Repeat the material exactly from its first line to the line that includes "[0:00.0-0:12.0]". Skip pictures.

### Data supplied
+--

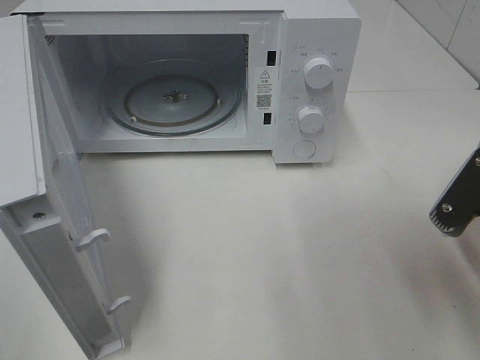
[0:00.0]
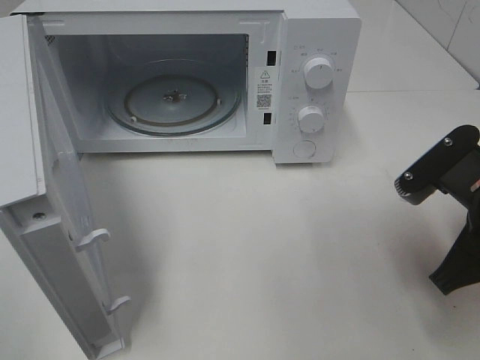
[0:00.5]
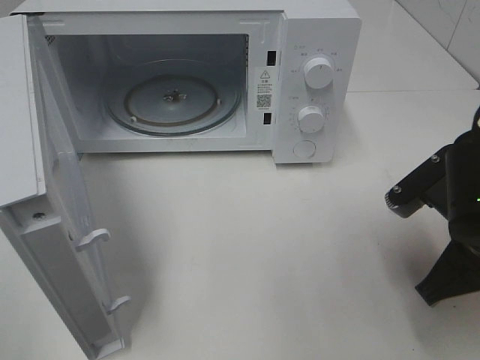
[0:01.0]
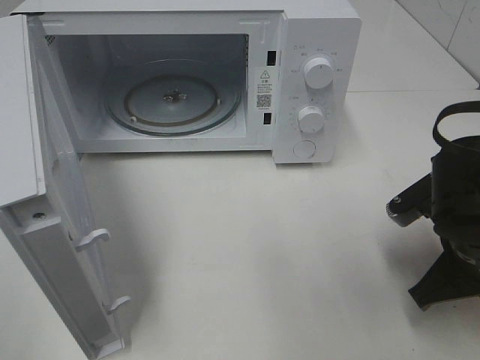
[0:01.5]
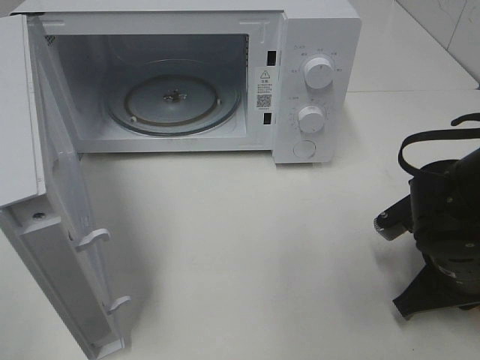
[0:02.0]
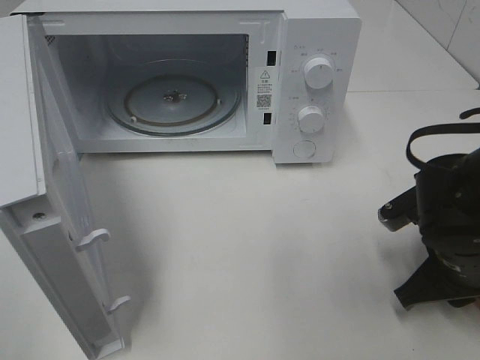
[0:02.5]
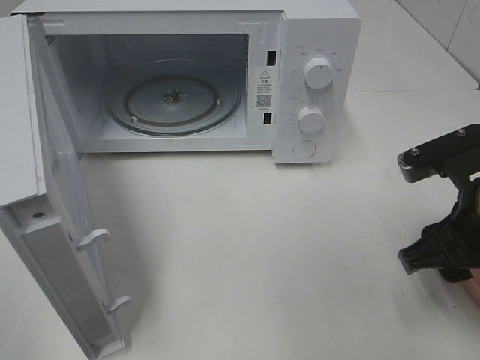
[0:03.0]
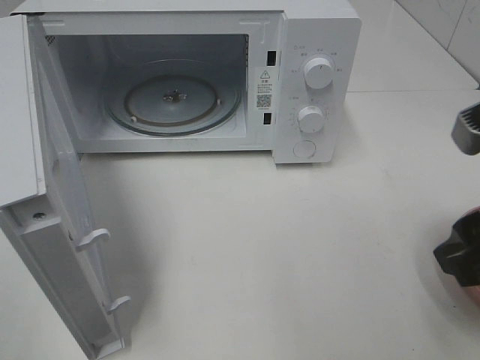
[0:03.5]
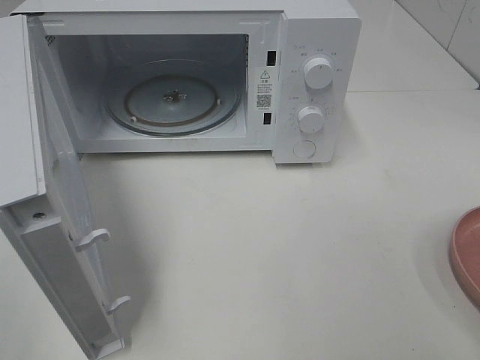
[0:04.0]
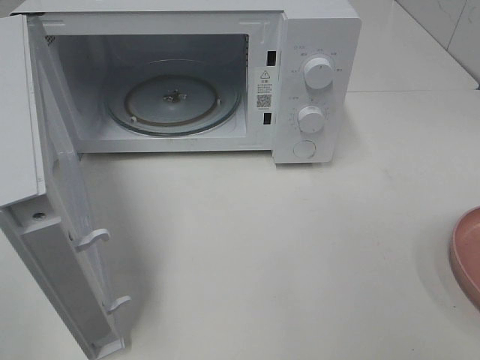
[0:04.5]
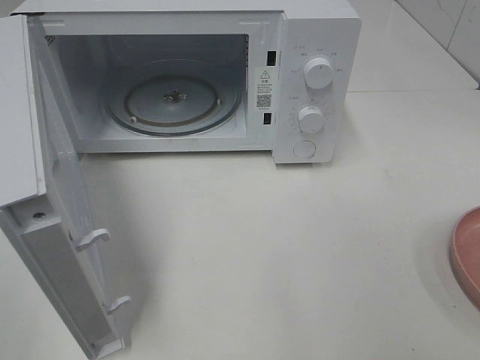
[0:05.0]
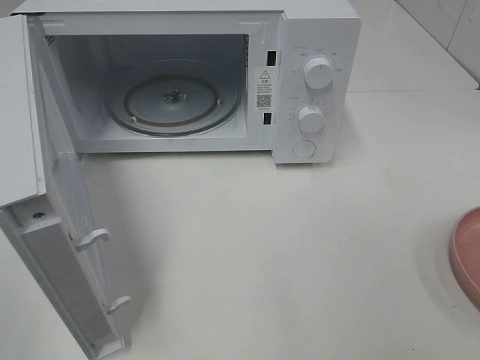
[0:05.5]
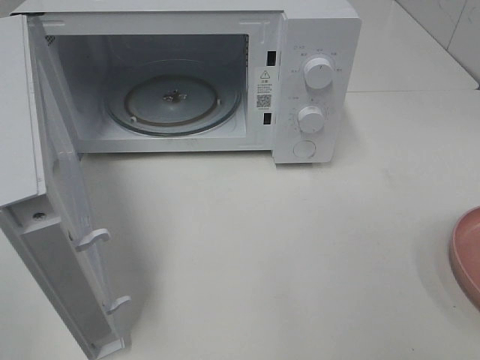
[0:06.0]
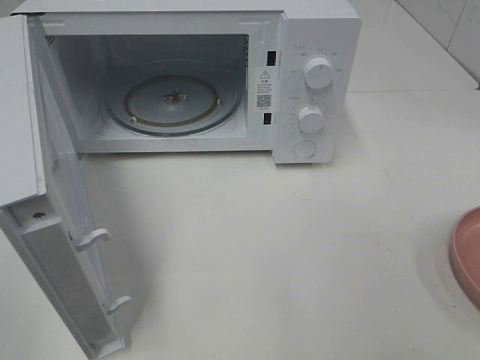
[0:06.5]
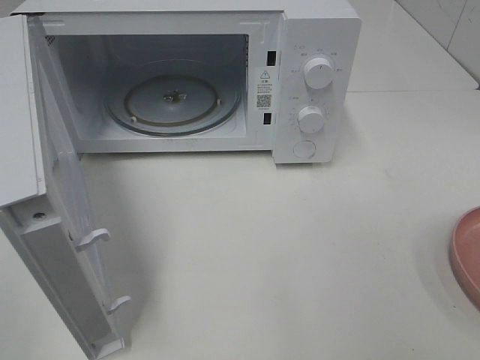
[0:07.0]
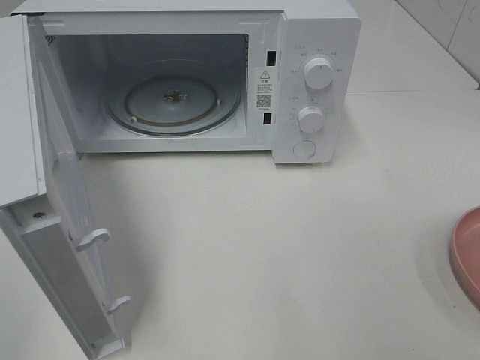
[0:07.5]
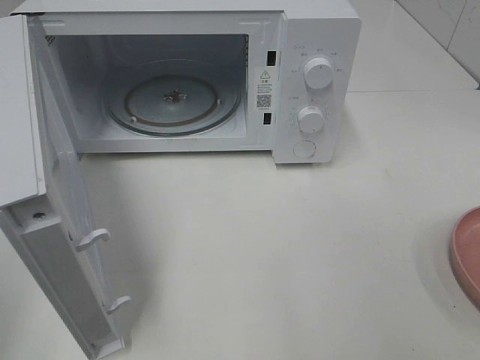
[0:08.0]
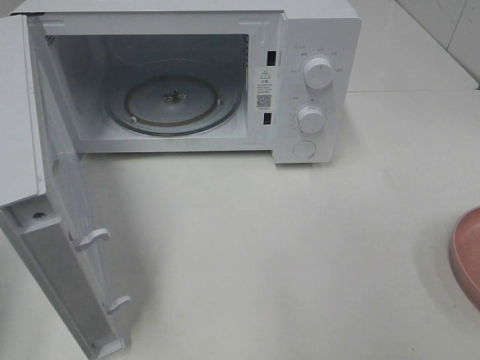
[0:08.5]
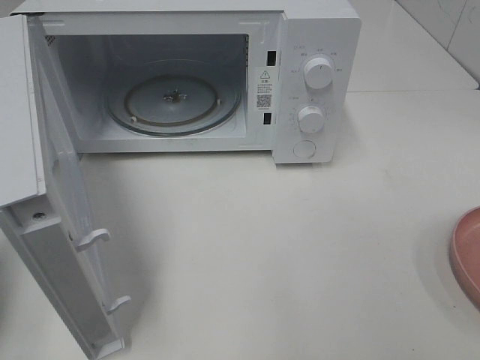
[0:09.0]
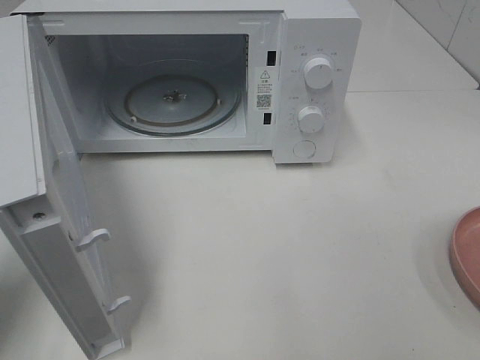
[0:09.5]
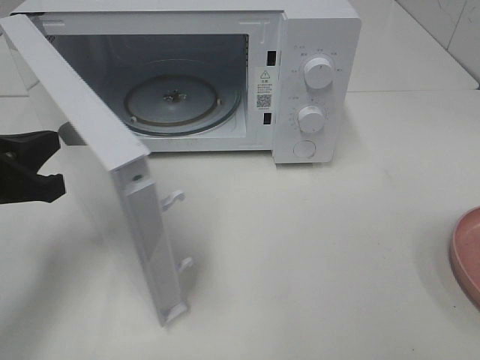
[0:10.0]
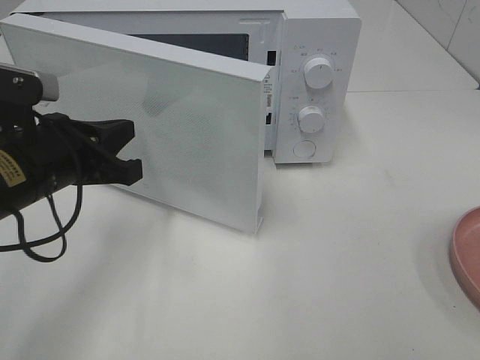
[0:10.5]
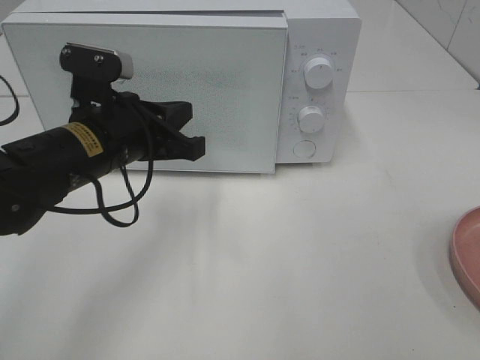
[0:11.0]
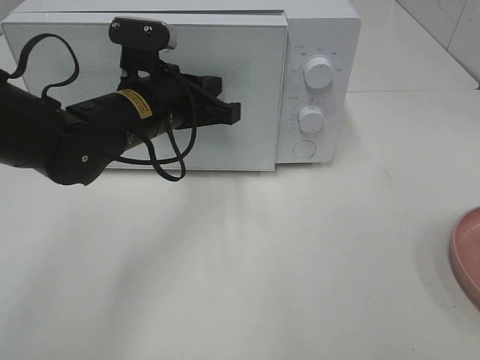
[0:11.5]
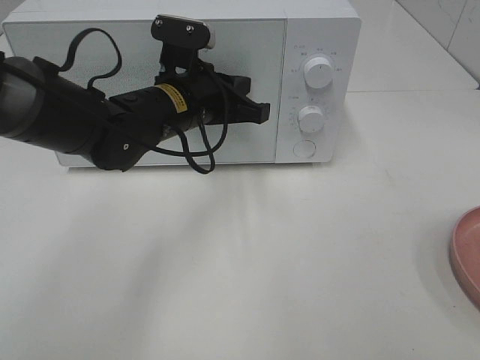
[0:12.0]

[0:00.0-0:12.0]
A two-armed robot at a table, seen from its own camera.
Task of the whole recording: Heat the burger.
Step, 0:00.0 to 0:02.5: Right hand: place the plate on the table.
0:00.0 to 0:02.0: The right gripper shifts roughly 10 cm downward and forward.
0:02.0 to 0:04.0: The right gripper goes about 25 cm upward and backward, and opens its fingers.
0:08.0 to 0:10.0: The left gripper goes roughly 20 cm forward, downward and to the right.
0:10.0 to 0:12.0: The left gripper travels to the right and forward by approximately 25 cm.

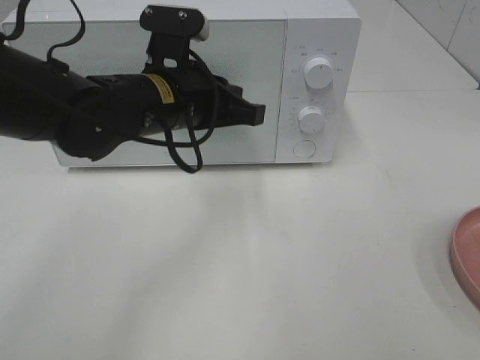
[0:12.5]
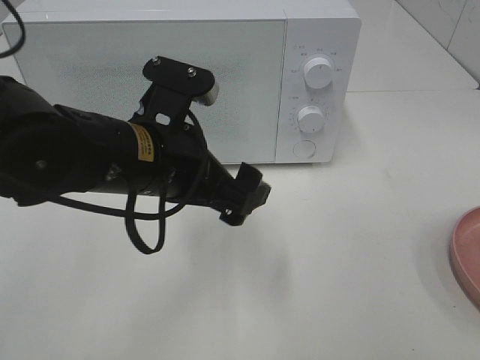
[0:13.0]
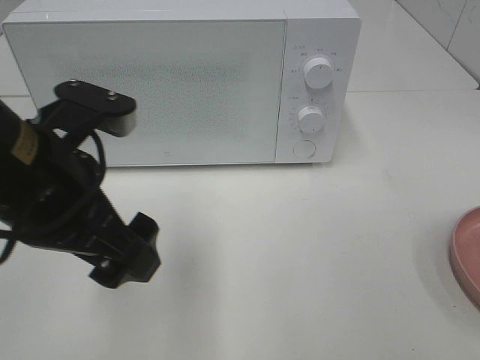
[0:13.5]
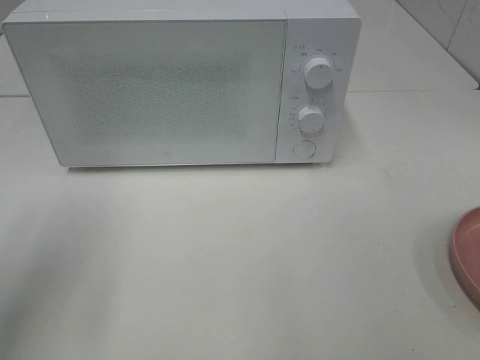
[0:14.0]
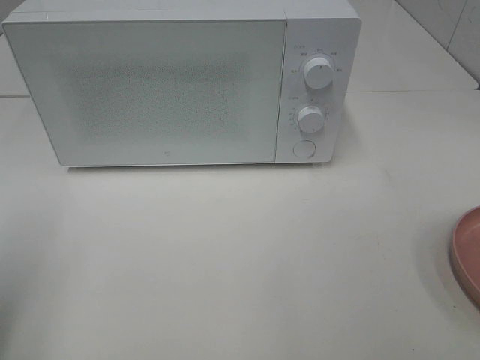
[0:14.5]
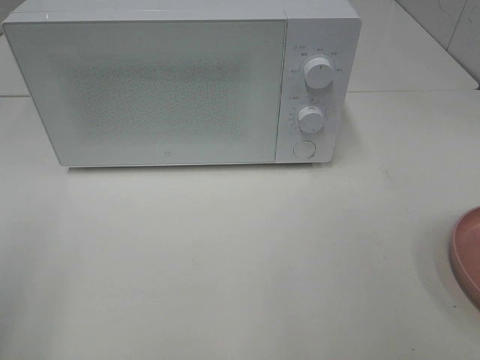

+--

### Output
[0:00.0]
[0:00.5]
[0:01.0]
[0:01.5]
[0:02.0]
[0:02.5]
[0:03.0]
[0:03.5]
[0:04.0]
[0:04.5]
[0:05.0]
[0:05.5]
[0:06.0]
[0:06.5]
[0:07.0]
[0:07.5]
[0:08.0]
[0:08.5]
[0:09.0]
[0:09.5]
[0:10.0]
[0:10.5]
[0:11.0]
[0:11.5]
[0:12.0]

[0:00.0-0:12.0]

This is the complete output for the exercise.